Ma De, Jin Xiaofei, Sun Shichun, Li Yitao, Wu Xundong, Hu Youneng, Yang Fangchao, Tang Huajin, Zhu Xiaolei, Lin Peng, Pan Gang
College of Computer Science and Technology, Zhejiang University, Hangzhou 310027, China.
Research Center for Intelligent Computing Hardware, Zhejiang Lab, Hangzhou 311121, China.
Natl Sci Rev. 2024 Mar 18;11(5):nwae102. doi: 10.1093/nsr/nwae102. eCollection 2024 May.
Spiking neural networks (SNNs) are gaining increasing attention for their biological plausibility and potential for improved computational efficiency. To match the high spatial-temporal dynamics in SNNs, neuromorphic chips are highly desired to execute SNNs in hardware-based neuron and synapse circuits directly. This paper presents a large-scale neuromorphic chip named Darwin3 with a novel instruction set architecture, which comprises 10 primary instructions and a few extended instructions. It supports flexible neuron model programming and local learning rule designs. The Darwin3 chip architecture is designed in a mesh of computing nodes with an innovative routing algorithm. We used a compression mechanism to represent synaptic connections, significantly reducing memory usage. The Darwin3 chip supports up to 2.35 million neurons, making it the largest of its kind on the neuron scale. The experimental results showed that the code density was improved by up to 28.3× in Darwin3, and that the neuron core fan-in and fan-out were improved by up to 4096× and 3072× by connection compression compared to the physical memory depth. Our Darwin3 chip also provided memory saving between 6.8× and 200.8× when mapping convolutional spiking neural networks onto the chip, demonstrating state-of-the-art performance in accuracy and latency compared to other neuromorphic chips.

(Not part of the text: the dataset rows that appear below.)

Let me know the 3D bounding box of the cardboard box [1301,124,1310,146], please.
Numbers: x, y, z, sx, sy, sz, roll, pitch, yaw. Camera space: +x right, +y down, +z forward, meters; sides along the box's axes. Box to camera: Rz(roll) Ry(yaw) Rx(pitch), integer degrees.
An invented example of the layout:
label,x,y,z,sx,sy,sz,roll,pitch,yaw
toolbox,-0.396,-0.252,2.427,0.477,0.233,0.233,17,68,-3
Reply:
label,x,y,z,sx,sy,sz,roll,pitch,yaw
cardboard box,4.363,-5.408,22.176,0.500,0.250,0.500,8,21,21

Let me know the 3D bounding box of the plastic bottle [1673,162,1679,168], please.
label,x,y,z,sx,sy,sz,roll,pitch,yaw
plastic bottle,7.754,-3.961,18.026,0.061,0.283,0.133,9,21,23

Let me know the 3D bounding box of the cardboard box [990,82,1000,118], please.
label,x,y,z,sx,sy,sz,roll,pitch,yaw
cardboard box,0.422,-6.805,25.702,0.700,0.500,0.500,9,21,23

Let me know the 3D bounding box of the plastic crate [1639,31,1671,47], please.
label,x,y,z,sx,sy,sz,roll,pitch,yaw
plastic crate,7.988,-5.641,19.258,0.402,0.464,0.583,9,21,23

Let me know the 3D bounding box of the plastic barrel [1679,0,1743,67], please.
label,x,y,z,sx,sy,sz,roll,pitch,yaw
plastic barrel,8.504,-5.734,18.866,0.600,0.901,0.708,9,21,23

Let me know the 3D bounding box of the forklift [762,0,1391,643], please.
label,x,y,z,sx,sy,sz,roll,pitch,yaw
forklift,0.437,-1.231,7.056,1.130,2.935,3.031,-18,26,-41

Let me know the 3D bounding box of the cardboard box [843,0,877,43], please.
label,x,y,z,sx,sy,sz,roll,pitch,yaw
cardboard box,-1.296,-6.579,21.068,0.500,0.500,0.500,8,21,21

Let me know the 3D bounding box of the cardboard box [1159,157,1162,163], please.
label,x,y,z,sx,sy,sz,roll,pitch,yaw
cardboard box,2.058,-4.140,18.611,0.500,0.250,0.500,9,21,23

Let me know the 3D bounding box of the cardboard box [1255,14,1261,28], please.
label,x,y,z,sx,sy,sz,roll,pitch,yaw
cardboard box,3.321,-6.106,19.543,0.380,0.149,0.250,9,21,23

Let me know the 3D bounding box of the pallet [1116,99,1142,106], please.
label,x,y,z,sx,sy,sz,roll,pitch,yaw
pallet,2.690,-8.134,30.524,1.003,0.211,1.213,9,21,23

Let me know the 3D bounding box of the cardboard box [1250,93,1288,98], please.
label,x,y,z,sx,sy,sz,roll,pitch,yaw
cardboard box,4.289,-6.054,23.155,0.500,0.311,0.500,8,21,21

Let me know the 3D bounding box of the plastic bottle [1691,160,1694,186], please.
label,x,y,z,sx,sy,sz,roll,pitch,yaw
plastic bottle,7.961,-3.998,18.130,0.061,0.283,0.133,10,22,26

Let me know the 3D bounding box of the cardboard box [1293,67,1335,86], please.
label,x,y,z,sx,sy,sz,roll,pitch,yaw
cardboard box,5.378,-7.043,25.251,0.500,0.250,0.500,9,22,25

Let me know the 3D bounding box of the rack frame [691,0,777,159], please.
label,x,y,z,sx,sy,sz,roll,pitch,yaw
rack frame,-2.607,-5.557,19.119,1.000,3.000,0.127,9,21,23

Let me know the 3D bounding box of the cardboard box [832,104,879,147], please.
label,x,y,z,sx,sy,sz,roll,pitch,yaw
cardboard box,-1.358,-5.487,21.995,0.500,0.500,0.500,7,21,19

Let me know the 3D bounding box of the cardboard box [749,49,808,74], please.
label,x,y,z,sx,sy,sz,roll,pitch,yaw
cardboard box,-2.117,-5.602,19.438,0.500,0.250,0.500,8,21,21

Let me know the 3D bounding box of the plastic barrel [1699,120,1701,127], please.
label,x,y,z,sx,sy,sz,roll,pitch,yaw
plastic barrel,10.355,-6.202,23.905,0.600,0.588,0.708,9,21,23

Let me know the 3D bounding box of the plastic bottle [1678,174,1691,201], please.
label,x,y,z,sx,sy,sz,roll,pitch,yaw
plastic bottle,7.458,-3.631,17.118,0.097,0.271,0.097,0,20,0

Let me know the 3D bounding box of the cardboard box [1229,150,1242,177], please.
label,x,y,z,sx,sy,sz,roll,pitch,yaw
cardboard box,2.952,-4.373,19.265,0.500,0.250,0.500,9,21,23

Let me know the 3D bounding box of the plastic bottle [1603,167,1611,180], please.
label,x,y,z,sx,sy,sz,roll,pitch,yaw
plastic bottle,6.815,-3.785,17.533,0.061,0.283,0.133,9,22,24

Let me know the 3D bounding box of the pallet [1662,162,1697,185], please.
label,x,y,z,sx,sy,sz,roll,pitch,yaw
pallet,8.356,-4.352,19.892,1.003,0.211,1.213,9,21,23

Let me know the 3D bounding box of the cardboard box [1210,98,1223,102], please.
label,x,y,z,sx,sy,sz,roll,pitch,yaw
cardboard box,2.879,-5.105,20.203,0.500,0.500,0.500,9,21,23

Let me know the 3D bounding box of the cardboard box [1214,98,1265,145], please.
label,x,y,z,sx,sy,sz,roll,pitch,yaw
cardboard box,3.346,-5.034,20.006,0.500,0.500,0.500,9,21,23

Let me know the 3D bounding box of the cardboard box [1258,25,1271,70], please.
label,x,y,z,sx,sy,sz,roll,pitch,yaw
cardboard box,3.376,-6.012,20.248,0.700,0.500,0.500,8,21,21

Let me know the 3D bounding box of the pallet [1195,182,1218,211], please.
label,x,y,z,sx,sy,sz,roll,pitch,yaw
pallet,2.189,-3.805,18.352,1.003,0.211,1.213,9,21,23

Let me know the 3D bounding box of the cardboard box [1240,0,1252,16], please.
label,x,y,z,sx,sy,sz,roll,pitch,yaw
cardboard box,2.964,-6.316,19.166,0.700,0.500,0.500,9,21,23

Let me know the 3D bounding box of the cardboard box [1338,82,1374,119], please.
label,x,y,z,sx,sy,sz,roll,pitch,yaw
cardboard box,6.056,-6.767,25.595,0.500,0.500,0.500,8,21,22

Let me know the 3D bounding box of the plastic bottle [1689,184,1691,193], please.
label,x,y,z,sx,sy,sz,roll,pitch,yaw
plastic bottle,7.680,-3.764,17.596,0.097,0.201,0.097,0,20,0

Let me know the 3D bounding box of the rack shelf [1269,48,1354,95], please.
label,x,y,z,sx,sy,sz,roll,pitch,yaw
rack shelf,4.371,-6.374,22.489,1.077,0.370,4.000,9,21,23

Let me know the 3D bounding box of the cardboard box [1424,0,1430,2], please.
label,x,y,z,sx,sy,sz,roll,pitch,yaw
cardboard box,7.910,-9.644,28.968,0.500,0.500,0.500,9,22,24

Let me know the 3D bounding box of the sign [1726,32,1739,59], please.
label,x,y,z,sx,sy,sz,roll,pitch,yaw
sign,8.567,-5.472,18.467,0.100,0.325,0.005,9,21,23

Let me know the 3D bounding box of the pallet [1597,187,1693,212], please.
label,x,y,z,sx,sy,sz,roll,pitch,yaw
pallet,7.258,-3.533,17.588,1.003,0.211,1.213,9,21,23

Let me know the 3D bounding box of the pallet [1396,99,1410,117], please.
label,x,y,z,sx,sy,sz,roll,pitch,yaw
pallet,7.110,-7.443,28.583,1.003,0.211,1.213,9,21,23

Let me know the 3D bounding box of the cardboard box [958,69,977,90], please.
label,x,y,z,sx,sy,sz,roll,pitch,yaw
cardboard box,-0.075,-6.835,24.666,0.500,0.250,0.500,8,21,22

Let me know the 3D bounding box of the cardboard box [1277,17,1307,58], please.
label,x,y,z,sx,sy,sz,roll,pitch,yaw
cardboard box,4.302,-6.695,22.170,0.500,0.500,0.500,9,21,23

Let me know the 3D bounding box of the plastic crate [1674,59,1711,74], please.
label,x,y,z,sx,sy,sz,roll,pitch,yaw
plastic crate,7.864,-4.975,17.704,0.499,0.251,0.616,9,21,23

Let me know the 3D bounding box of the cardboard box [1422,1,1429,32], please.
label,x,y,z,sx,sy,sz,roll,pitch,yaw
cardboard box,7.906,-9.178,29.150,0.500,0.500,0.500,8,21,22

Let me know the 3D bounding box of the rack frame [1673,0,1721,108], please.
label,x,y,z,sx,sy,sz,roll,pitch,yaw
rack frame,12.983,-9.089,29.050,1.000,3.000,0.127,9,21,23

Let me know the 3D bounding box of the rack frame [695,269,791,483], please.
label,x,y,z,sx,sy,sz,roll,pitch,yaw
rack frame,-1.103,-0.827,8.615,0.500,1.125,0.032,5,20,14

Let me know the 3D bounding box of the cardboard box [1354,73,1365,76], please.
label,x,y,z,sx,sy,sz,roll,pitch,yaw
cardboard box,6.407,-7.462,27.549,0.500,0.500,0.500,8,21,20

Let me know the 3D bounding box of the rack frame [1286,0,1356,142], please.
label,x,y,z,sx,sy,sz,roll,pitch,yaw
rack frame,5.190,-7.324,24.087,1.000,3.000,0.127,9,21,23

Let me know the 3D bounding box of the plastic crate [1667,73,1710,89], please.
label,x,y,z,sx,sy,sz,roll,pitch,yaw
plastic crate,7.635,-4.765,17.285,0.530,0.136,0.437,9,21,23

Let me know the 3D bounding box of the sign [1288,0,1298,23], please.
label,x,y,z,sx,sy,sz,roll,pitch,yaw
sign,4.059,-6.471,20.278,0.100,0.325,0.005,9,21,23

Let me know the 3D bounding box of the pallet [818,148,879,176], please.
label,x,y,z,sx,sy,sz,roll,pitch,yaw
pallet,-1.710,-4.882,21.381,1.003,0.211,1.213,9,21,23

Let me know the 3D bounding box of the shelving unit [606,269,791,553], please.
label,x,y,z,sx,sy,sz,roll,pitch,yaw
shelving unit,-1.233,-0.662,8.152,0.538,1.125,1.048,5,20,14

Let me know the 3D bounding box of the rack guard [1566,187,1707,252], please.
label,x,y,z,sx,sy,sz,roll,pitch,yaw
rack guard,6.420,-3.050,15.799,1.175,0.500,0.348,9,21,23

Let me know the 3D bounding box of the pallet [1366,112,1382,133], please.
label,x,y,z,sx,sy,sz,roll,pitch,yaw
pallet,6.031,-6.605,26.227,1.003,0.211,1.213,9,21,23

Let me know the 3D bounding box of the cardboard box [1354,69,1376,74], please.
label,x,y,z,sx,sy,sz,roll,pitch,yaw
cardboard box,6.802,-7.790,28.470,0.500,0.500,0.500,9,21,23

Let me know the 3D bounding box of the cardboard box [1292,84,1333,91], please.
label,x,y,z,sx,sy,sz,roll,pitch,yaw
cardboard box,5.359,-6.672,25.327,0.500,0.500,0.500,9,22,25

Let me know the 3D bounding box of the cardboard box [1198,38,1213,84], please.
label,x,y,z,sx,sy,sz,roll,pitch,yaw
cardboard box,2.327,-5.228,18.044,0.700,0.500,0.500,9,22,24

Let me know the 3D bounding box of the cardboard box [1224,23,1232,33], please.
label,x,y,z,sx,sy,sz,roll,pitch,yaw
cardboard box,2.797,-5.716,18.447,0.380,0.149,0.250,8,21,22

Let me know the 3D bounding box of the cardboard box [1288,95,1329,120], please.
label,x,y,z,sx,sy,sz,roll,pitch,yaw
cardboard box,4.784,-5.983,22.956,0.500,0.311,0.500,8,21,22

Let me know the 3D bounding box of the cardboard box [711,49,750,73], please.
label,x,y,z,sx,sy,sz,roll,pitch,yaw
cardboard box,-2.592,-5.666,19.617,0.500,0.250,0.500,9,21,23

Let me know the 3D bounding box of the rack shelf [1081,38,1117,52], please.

脉冲神经网络(SNN)因其生物学合理性和提高计算效率的潜力而受到越来越多的关注。为了匹配SNN中的高时空动态,人们迫切希望使用神经形态芯片直接在基于硬件的神经元和突触电路中执行SNN。本文提出了一种名为Darwin3的大规模神经形态芯片,它具有新颖的指令集架构,包括10条基本指令和一些扩展指令。它支持灵活的神经元模型编程和局部学习规则设计。Darwin3芯片架构采用创新的路由算法设计在计算节点网格中。我们使用了一种压缩机制来表示突触连接,显著减少了内存使用。Darwin3芯片支持多达235万个神经元,使其在神经元规模上成为同类中最大的。实验结果表明,Darwin3中的代码密度提高了28.3倍,与物理内存深度相比,通过连接压缩,神经元核心的扇入和扇出分别提高了4096倍和3072倍。在将卷积脉冲神经网络映射到芯片上时,我们的Darwin3芯片还节省了6.8倍至200.8倍的内存,与其他神经形态芯片相比,在准确性和延迟方面展示了最先进的性能。